◆ WHAT IS EXPECTED:
Only the lines with the string "order" are needed; return each of them from the entries below.

Collected data
★ ★ ★

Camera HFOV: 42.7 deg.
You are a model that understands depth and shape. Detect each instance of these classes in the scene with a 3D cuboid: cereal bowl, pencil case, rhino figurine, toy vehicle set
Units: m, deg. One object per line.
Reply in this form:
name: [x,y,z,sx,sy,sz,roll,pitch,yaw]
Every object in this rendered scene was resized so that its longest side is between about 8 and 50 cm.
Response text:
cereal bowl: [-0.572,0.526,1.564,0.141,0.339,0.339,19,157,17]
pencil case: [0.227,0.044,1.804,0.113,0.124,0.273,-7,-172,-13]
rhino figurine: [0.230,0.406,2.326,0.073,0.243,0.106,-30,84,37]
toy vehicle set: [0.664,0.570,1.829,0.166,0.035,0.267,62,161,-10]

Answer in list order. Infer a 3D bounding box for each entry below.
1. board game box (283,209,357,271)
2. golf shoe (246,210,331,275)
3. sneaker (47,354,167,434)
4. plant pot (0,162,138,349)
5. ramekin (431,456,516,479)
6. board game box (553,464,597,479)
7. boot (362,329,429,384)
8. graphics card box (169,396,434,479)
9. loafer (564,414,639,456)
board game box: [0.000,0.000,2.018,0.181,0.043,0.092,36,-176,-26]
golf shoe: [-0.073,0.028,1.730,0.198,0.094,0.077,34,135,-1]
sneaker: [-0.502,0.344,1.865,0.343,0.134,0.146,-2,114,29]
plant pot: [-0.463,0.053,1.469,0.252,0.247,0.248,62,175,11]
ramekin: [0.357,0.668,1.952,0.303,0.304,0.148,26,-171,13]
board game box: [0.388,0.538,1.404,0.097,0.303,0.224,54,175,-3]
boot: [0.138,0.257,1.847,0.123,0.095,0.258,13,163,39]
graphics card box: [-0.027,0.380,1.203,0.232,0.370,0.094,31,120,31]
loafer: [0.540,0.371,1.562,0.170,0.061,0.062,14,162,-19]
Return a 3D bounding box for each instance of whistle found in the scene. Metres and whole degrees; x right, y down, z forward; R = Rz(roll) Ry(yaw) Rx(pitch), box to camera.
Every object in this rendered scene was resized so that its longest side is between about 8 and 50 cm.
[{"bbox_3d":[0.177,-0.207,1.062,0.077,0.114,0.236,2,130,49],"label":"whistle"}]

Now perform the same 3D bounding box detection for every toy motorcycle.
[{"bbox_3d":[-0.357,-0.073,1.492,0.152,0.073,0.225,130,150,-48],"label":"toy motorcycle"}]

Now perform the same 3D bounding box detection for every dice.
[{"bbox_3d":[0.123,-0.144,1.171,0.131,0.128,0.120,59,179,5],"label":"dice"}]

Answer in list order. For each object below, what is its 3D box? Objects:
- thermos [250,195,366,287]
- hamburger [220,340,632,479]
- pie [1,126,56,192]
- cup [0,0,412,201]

★ ★ ★

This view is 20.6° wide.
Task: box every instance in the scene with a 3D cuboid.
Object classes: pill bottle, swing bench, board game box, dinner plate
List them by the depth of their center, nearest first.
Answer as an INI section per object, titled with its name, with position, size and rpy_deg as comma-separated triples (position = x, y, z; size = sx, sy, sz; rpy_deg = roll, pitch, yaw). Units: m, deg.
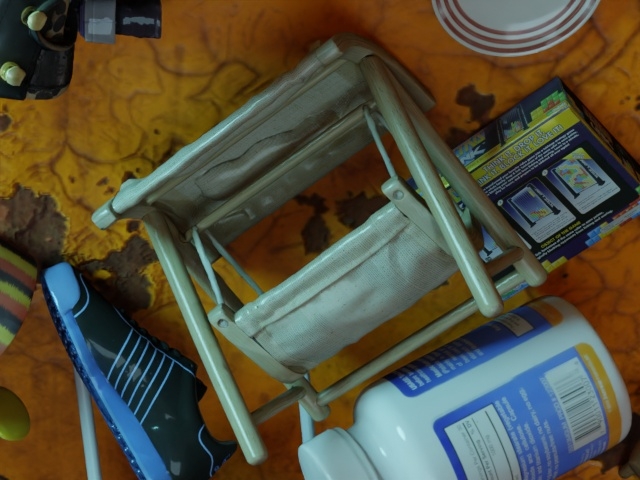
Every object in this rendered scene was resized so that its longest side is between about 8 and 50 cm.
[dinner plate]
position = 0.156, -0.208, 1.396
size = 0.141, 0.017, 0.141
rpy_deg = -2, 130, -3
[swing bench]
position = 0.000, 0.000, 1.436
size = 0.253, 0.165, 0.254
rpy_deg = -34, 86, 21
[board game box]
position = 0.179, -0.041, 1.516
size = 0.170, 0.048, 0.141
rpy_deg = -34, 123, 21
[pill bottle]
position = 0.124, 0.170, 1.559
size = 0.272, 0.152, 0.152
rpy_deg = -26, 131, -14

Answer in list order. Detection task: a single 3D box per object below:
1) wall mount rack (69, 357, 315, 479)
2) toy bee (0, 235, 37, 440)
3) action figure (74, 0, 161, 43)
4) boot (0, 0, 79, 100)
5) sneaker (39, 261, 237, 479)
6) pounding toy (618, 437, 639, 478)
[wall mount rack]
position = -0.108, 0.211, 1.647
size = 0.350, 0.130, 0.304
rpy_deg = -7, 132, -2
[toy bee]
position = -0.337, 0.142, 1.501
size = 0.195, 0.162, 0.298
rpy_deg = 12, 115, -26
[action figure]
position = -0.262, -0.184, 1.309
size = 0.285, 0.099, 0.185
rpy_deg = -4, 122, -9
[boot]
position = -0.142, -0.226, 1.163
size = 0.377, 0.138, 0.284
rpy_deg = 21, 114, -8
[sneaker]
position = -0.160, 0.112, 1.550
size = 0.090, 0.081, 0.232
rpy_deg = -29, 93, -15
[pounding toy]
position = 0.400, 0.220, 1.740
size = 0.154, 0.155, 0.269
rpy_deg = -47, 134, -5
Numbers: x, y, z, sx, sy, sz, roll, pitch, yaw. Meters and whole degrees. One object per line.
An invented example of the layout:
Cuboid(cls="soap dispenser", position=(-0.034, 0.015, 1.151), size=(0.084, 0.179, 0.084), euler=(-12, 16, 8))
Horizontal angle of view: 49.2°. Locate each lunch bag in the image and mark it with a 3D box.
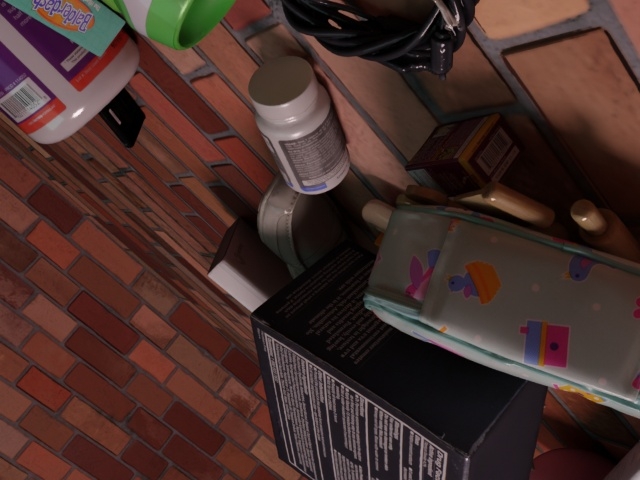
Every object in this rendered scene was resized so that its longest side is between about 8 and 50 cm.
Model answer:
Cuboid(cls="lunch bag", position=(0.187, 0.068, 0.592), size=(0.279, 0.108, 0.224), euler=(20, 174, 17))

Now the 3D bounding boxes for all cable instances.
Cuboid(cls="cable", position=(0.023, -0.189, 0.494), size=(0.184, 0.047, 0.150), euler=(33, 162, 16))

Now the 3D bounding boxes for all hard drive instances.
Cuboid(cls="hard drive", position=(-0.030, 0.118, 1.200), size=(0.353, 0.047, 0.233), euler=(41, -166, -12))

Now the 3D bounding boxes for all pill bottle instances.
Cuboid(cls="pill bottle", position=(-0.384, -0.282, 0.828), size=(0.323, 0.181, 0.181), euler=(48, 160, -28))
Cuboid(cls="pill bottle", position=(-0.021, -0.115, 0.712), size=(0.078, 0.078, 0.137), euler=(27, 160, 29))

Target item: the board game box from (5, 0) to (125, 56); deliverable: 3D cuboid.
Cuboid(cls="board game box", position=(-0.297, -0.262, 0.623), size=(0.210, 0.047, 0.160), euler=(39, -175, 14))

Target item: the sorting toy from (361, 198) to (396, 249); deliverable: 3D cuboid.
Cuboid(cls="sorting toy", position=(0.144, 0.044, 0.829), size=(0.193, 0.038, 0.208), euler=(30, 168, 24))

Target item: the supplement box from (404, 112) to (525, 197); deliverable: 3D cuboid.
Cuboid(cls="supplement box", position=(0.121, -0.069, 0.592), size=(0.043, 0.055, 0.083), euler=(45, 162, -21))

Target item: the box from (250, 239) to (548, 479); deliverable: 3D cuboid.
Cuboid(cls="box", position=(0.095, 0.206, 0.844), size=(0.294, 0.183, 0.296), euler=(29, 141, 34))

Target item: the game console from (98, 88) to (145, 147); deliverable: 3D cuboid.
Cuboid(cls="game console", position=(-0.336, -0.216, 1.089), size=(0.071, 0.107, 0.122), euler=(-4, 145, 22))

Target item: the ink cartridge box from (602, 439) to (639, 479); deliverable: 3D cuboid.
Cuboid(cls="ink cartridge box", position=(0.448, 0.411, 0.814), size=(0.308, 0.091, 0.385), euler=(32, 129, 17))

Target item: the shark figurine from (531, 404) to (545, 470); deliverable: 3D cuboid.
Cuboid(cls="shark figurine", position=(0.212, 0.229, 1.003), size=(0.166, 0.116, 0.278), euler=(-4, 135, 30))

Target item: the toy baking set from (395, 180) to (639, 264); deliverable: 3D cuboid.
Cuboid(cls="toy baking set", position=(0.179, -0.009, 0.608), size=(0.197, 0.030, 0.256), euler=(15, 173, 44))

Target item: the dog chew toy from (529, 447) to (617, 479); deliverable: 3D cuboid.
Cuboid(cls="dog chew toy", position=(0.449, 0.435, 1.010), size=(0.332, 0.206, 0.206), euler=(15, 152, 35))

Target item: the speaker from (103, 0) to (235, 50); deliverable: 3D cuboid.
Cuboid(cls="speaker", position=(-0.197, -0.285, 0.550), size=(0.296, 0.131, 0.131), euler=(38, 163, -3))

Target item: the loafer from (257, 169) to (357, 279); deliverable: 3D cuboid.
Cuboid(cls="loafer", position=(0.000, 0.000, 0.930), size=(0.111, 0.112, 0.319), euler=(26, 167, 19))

★ ★ ★

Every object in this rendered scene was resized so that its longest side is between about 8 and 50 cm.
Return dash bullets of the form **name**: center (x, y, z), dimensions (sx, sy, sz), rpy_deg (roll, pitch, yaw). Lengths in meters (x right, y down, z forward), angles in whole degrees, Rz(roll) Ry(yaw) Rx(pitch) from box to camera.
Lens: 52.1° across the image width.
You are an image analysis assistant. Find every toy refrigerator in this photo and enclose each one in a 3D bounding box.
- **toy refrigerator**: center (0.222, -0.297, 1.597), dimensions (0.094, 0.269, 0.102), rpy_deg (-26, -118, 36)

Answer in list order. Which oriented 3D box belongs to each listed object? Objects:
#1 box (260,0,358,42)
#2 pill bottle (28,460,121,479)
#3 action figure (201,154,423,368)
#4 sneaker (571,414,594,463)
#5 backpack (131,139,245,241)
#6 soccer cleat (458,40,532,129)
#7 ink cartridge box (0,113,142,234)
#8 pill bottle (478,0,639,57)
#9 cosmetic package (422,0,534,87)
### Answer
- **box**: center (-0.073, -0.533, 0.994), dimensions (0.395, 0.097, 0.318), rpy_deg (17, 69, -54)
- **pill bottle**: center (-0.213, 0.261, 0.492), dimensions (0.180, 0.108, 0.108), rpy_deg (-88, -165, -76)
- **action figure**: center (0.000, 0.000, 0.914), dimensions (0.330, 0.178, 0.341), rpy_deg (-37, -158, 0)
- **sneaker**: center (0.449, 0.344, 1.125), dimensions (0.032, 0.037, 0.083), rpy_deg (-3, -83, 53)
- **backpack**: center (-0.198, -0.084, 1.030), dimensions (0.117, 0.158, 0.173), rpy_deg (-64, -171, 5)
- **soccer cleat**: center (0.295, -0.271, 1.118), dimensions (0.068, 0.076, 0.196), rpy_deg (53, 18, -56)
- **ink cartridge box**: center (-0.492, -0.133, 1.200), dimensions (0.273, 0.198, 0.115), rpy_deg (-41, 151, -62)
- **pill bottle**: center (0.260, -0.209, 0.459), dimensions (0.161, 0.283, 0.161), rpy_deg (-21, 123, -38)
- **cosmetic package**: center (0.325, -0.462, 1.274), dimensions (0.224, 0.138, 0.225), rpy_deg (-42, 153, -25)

★ ★ ★

◆ SOLUTION:
Answer in list order. Infer a 3D bounding box for each entry below.
Answer in list order. For each object below, what is its 3D box? Objects:
Answer in list order. Detection task: a single 3D box per object below:
Answer in list order. Which oriented 3D box belongs to each listed object? Objects:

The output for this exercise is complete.